PROBLEM DESCRIPTION: Return nothing but the lines from the line containing "Metres and whole degrees." through the last line of the records, reproduced exactly.

(Items listed in a dataset)

# # # #

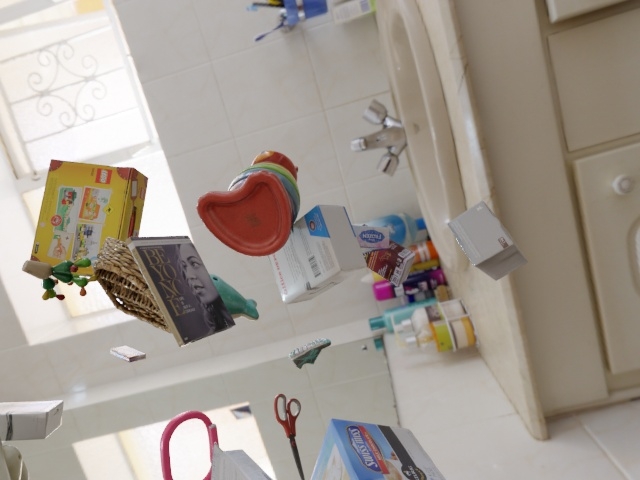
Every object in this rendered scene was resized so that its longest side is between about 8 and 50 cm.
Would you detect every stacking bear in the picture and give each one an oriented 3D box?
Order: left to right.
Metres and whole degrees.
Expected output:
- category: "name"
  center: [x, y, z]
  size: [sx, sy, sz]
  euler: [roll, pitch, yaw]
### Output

# # # #

SOLUTION:
Metres and whole degrees.
Expected output:
- category: "name"
  center: [x, y, z]
  size: [sx, sy, sz]
  euler: [roll, pitch, yaw]
### Output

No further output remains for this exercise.